» **TASK REQUIREMENTS**
Search the material for the string "metres", then return every line where it is found.

» **INFORMATION SHOWN**
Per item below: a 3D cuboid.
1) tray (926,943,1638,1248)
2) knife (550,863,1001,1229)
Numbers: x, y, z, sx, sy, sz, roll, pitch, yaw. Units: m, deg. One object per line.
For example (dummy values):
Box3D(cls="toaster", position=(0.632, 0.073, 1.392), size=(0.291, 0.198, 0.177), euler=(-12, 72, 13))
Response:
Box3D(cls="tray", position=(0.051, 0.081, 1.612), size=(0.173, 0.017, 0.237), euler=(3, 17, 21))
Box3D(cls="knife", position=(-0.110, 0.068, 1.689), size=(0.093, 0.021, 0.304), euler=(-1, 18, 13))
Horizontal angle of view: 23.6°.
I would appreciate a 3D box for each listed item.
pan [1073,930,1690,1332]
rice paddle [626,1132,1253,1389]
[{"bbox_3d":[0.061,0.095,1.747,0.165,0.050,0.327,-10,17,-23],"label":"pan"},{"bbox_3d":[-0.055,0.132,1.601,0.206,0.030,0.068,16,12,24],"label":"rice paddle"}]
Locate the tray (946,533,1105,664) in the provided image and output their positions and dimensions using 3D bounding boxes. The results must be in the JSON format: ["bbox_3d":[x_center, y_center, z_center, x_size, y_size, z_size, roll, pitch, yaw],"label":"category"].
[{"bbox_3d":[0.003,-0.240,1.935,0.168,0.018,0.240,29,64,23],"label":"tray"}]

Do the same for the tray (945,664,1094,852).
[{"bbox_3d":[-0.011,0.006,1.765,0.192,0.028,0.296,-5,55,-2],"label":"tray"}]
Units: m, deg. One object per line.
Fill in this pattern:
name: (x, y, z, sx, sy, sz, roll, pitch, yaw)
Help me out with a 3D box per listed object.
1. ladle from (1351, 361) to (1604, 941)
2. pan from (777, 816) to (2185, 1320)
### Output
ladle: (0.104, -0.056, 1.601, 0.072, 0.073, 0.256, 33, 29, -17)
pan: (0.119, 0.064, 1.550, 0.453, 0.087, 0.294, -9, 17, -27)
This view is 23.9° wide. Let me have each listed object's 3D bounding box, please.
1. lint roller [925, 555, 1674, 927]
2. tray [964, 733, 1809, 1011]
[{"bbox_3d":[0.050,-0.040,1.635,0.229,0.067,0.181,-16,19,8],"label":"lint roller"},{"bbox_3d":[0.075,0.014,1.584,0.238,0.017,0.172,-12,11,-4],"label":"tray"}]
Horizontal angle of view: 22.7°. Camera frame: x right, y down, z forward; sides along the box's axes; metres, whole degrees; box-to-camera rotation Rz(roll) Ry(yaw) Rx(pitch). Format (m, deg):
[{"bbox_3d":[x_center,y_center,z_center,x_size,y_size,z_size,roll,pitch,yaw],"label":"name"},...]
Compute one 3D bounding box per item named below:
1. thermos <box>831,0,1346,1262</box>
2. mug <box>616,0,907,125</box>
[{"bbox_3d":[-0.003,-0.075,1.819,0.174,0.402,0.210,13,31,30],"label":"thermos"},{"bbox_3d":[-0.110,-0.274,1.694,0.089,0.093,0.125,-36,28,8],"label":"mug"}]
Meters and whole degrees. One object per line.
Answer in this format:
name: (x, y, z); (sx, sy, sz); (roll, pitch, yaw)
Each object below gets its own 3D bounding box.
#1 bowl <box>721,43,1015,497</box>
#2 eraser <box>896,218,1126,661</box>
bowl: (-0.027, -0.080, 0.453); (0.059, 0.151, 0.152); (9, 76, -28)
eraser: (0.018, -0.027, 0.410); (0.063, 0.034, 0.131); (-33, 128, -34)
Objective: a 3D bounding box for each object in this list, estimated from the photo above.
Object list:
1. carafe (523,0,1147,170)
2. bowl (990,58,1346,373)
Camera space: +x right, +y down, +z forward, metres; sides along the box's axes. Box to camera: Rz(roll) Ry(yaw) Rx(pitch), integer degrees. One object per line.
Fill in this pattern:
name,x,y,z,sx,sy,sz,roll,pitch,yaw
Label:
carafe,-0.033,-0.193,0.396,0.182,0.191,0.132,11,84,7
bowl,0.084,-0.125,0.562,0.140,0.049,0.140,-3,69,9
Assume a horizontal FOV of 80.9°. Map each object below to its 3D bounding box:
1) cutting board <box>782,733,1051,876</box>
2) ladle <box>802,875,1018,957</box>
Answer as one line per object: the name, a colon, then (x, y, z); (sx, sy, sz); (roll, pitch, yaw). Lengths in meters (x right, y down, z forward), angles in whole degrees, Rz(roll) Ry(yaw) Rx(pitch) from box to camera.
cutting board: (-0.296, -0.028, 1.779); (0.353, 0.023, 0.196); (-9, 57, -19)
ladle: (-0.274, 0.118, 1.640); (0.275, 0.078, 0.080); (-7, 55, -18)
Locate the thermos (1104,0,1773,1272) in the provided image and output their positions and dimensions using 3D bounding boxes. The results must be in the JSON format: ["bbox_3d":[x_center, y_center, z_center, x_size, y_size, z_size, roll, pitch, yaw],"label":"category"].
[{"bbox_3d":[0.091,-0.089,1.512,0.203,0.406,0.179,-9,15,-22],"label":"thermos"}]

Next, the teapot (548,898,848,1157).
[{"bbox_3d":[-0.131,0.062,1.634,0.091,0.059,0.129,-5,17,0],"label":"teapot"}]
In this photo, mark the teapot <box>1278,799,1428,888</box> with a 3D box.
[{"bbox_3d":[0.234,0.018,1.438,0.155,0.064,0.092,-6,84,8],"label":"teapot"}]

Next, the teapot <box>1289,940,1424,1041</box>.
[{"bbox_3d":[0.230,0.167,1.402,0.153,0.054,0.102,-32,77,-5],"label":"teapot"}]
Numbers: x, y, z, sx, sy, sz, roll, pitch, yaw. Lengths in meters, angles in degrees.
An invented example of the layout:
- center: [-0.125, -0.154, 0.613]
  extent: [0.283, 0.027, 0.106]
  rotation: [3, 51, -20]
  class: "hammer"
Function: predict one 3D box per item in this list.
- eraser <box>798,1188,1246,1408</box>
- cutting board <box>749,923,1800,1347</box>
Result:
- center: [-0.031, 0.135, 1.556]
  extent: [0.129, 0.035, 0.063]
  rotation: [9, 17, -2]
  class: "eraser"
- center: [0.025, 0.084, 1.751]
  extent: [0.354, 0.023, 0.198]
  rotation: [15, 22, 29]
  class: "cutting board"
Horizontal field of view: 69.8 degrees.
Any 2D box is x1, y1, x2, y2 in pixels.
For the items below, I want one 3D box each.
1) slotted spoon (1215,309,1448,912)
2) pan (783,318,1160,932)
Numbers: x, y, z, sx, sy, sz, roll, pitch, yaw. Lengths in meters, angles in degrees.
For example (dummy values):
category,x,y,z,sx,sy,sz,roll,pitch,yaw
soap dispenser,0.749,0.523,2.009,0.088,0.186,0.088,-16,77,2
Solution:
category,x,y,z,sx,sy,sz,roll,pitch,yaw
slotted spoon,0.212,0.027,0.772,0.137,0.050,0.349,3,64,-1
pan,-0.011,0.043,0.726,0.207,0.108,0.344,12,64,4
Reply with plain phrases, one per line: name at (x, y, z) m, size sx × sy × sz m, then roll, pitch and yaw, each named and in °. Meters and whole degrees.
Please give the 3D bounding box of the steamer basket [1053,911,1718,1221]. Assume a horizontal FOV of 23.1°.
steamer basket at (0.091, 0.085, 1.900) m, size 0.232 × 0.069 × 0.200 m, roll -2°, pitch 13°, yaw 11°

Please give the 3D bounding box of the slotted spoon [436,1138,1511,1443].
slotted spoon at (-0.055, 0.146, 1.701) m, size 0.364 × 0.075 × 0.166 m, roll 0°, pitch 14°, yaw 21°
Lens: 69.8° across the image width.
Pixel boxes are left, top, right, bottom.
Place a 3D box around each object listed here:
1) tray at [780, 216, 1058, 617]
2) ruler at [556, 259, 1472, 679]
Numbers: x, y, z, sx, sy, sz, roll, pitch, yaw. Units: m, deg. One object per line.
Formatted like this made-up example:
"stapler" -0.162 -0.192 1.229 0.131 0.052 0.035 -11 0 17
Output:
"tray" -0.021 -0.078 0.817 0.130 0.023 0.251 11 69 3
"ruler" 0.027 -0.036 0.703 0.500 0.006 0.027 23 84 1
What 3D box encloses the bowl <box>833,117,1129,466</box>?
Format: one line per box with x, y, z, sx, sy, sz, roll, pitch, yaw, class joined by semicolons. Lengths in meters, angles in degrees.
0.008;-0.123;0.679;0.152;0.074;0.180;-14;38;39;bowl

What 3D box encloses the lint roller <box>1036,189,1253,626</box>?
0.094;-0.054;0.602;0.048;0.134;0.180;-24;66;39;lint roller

» **COMPLETED EXERCISE**
Horizontal angle of view: 22.7°. Camera frame: x right, y down, z forward; sides along the box's axes; metres, whole degrees; box-to-camera rotation Rz(roll) Ry(yaw) Rx(pitch). Format (m, deg):
Camera space: +x right, +y down, +z forward, metres; sides along the box's axes. Box to camera: Rz(roll) Ry(yaw) Rx(pitch), integer degrees. One object per line.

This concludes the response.